> _WHAT IS REQUIRED_: Across the whole listing, return each line exactly, with no images included.

> _ENTRIES PROVIDED_:
============================================================

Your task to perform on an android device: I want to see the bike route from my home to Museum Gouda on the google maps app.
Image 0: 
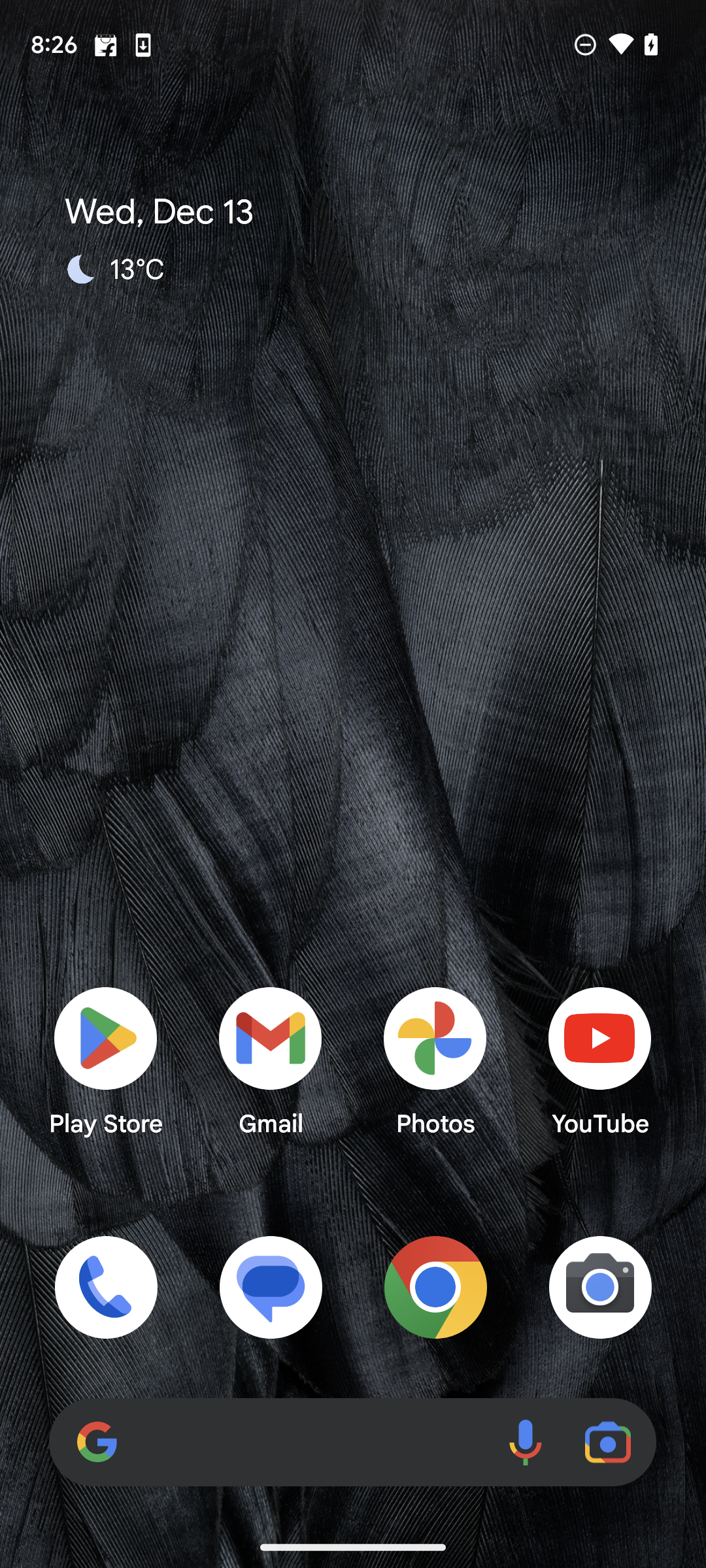
Open the Google maps app.
Step 0: open app "Maps"
Image 1: 
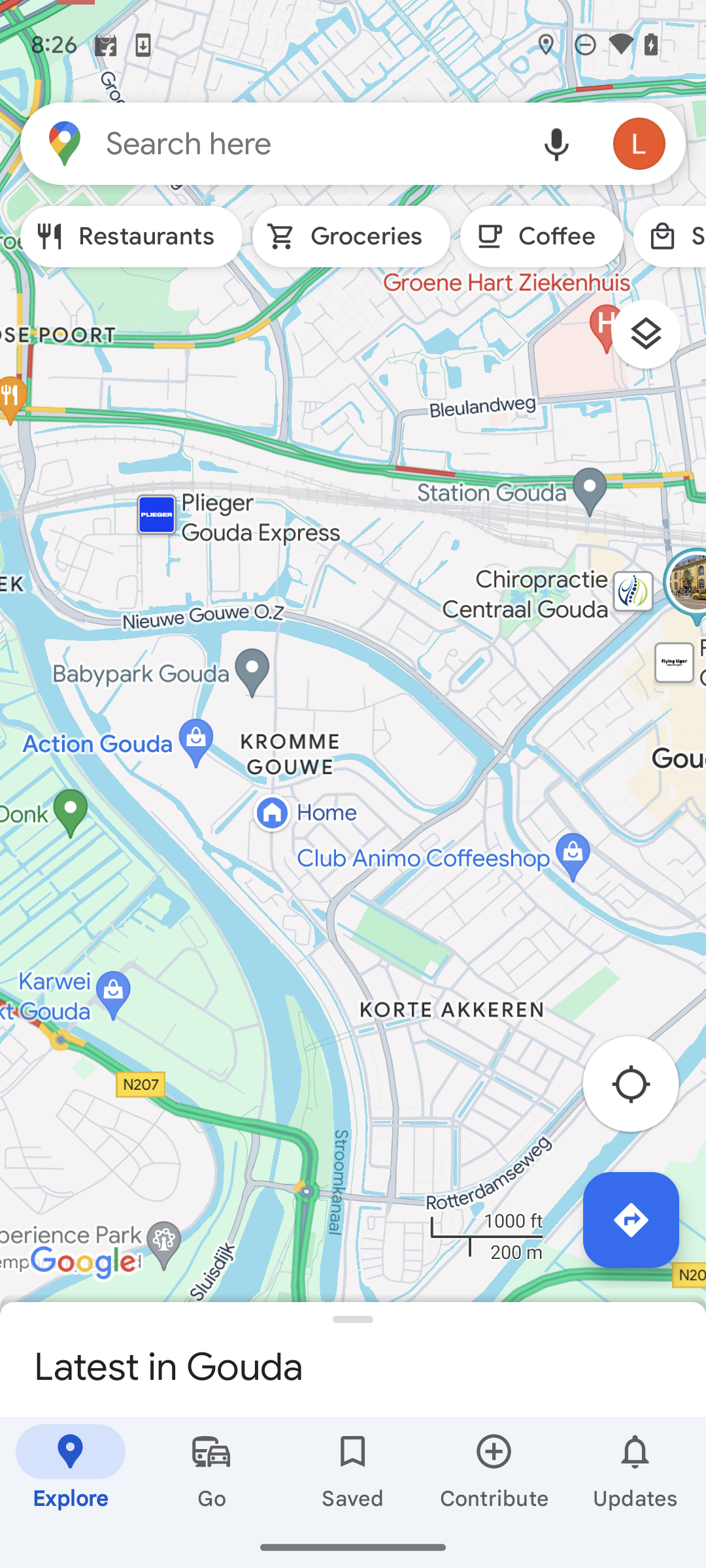
Click on the search bar.
Step 1: click (311, 143)
Image 2: 
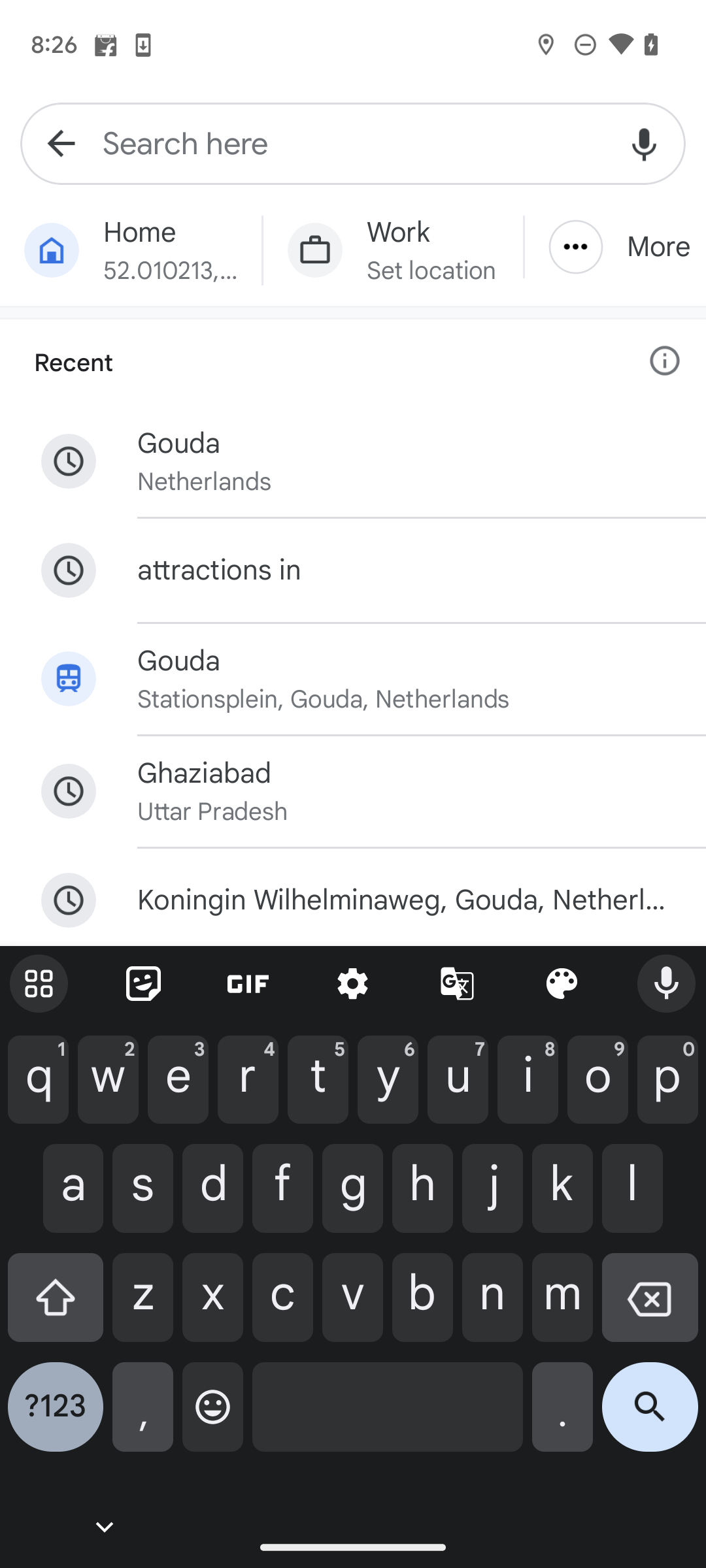
Enter Museum Gouda in the text box.
Step 2: type "Museum Gouda"
Image 3: 
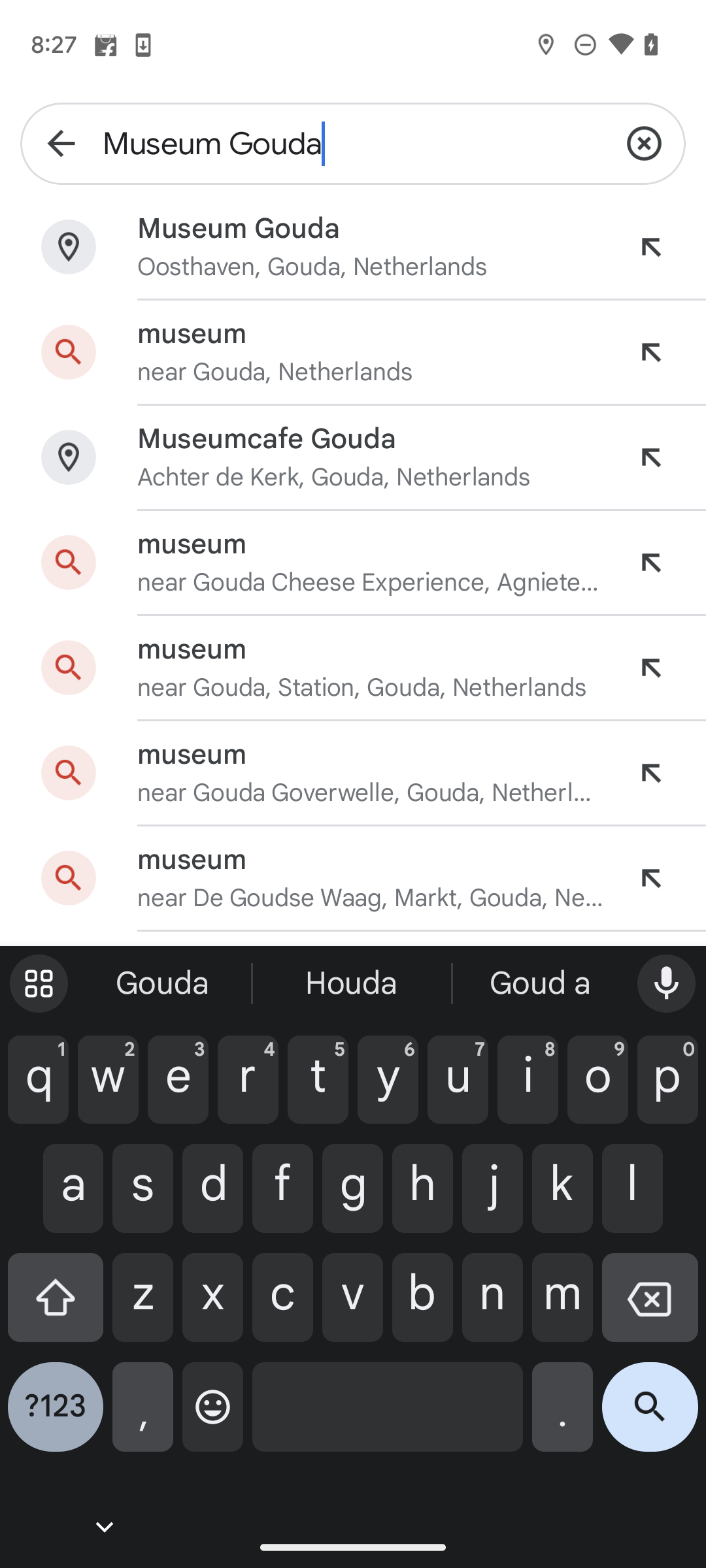
Click on the first suggestion.
Step 3: click (370, 246)
Image 6: 
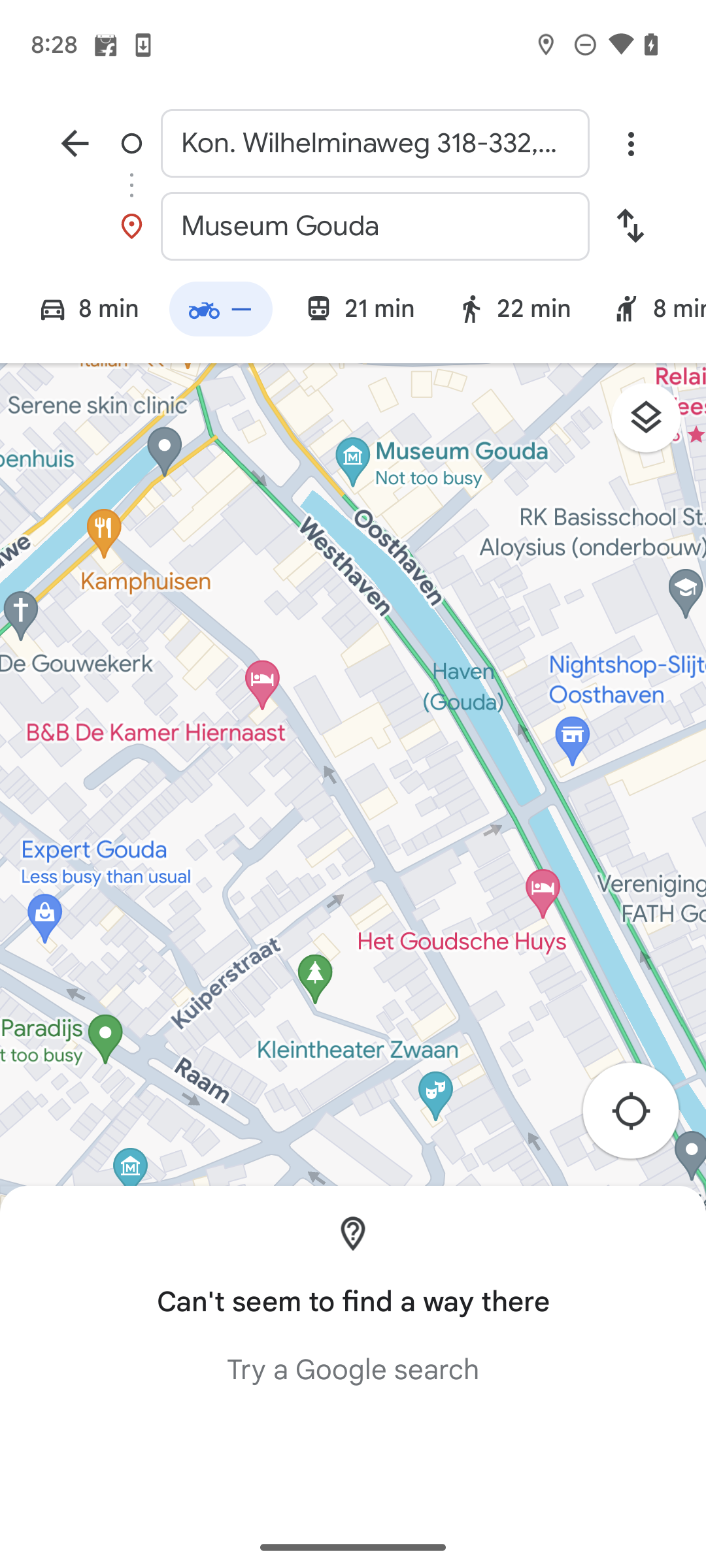
Swipe left on the vehicle options.
Step 6: scroll right
Image 7: 
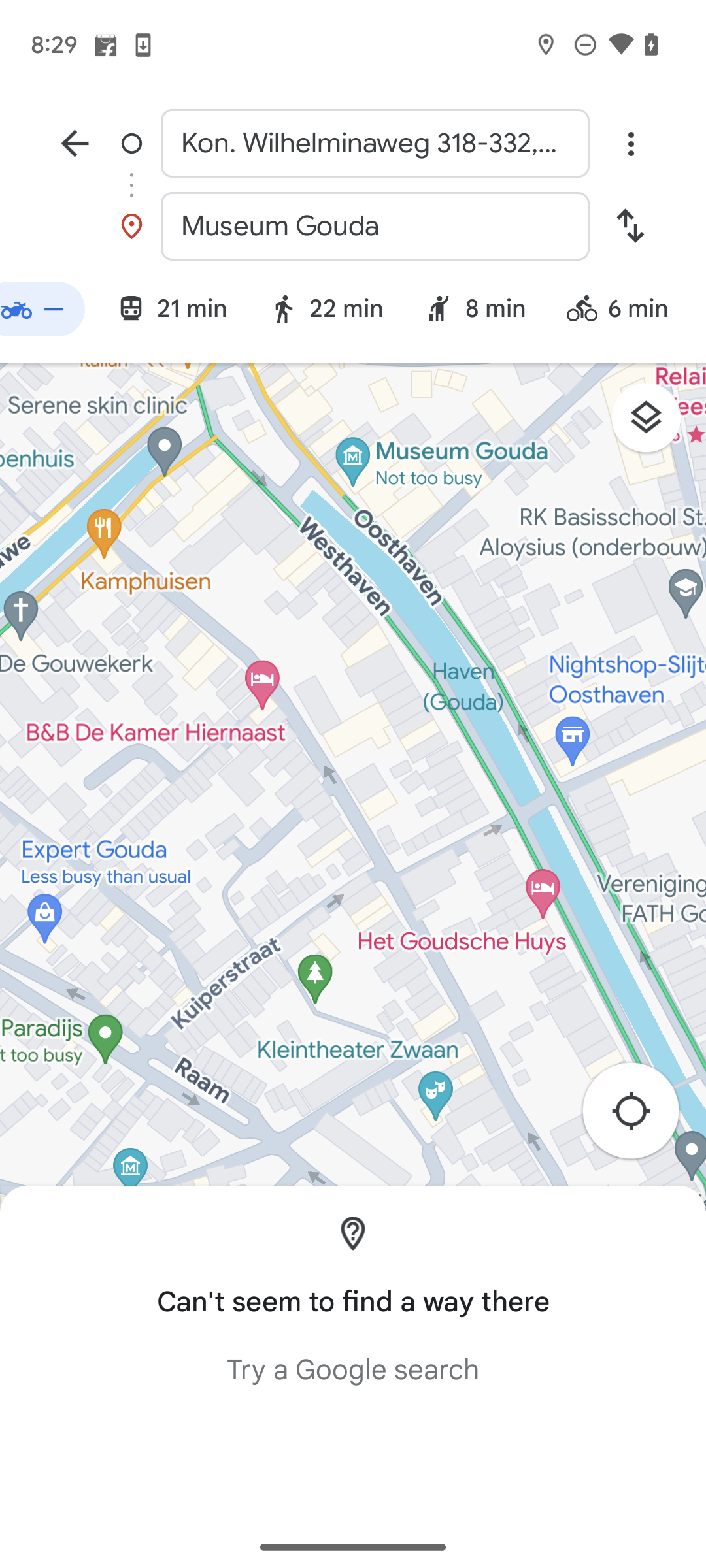
Click on the bicycle option.
Step 7: click (638, 308)

============================================================

> _RESPONSE AREA_:
Your task to perform on an android device: I want to see the bike route from my home to Museum Gouda on the google maps app.
Image 0: 
Open the Google maps app.
Step 0: open app "Maps"
Image 1: 
Click on the search bar.
Step 1: click (311, 143)
Image 2: 
Enter Museum Gouda in the text box.
Step 2: type "Museum Gouda"
Image 3: 
Click on the first suggestion.
Step 3: click (370, 246)
Image 6: 
Swipe left on the vehicle options.
Step 6: scroll right
Image 7: 
Click on the bicycle option.
Step 7: click (638, 308)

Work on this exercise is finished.